Capítulo Seis: Obrigado pela sua defesa!
A sucessão de movimentos que acabara de executar foi fruto da combinação entre a nova velocidade adquirida por seu corpo, suas habilidades técnicas já existentes e a guerra psicológica travada com Weins e Griffin. Só assim conseguiu aquela assistência inesperada.
Seu entendimento do jogo era notável; afinal, não teria sido escolhido pelo time de Los Angeles sem essa capacidade. Naquela jogada, aproveitou-se do desconhecimento do adversário sobre ele — a imagem que tinham era apenas de alguém que acertara dois arremessos de três pontos. Ele iniciou um ataque repentino, usando a velocidade para desorganizar a defesa do time rival, atraindo Griffin e, finalmente, servindo Gasol para a finalização.
Teve também uma dose de sorte: Griffin reagiu de maneira impulsiva na defesa, deixando Gasol livre. Se Griffin tivesse permanecido firme no garrafão, diante de Jordan, uma tentativa de bandeja de Chen provavelmente seria bloqueada pelo pivô, acostumado a registrar três tocos por jogo.
Mas o mundo não é feito de hipóteses. Chen conseguiu a assistência.

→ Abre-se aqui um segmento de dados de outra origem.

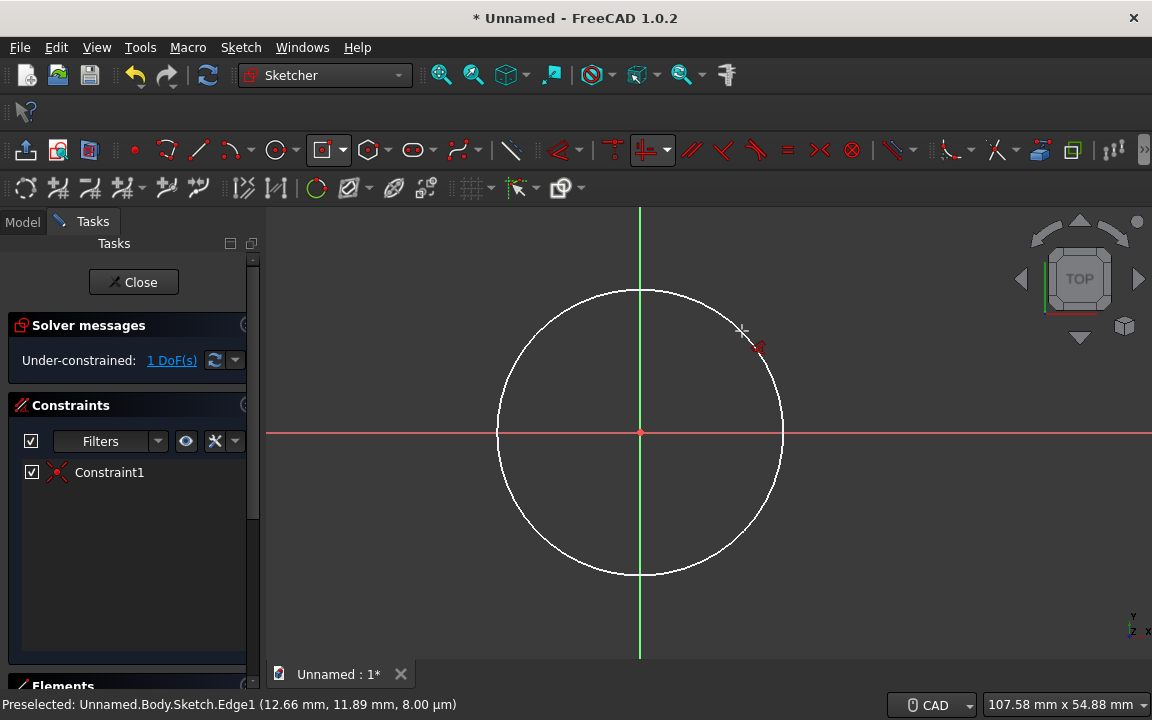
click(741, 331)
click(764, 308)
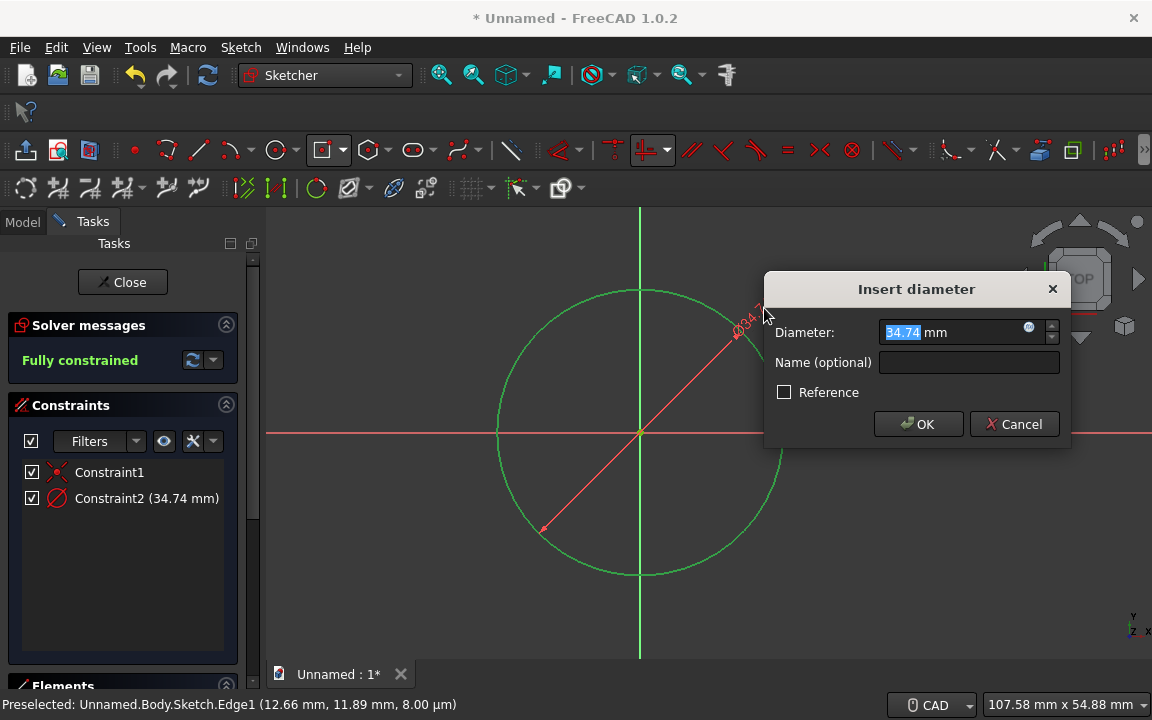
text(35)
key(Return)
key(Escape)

Após esse lance, o time de Los Angeles estava apenas quatro pontos atrás; desde que Chen entrou em quadra, o time havia reduzido a diferença em dez pontos!
O olhar de Kobe agora carregava nuances indecifráveis; por vezes, seus olhos repousavam sobre Chen, como se avaliasse cuidadosamente. No time, a influência de Kobe era enorme; Chen sabia que, se conquistasse a simpatia de Kobe e do treinador Mike Brown, suas chances de permanecer aumentariam consideravelmente.

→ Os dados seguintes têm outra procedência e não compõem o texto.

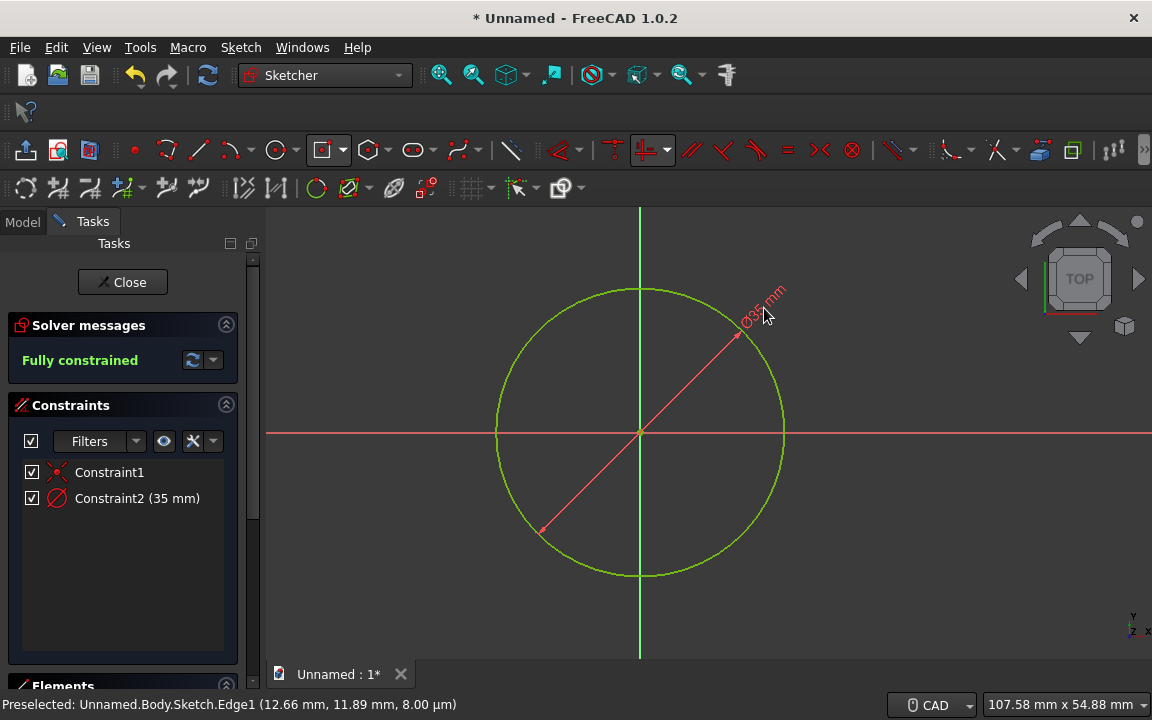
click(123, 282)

Para ganhar esse respeito, teria de ser decisivo para as vitórias. E agora, seu time estava apenas quatro pontos atrás.
Do outro lado, o time rival parecia testar formações, sem demonstrar pressa ou preocupação, mantendo o jogo e sem pedir tempo. Na próxima posse, Griffin mostrou sua força, avançando decidido e, ao se comprometer com o ataque, tornou-se imparável, garantindo mais dois pontos para o time rival.
O ataque voltou para seu time.
A sorte parecia sorrir para Chen; após uma disputa intensa, sua energia já estava bastante consumida. Weins defendia agressivamente, e Bilups quase conseguiu roubá-lo, mas Chen reagiu rapidamente, passando a bola para Clark, que converteu o arremesso.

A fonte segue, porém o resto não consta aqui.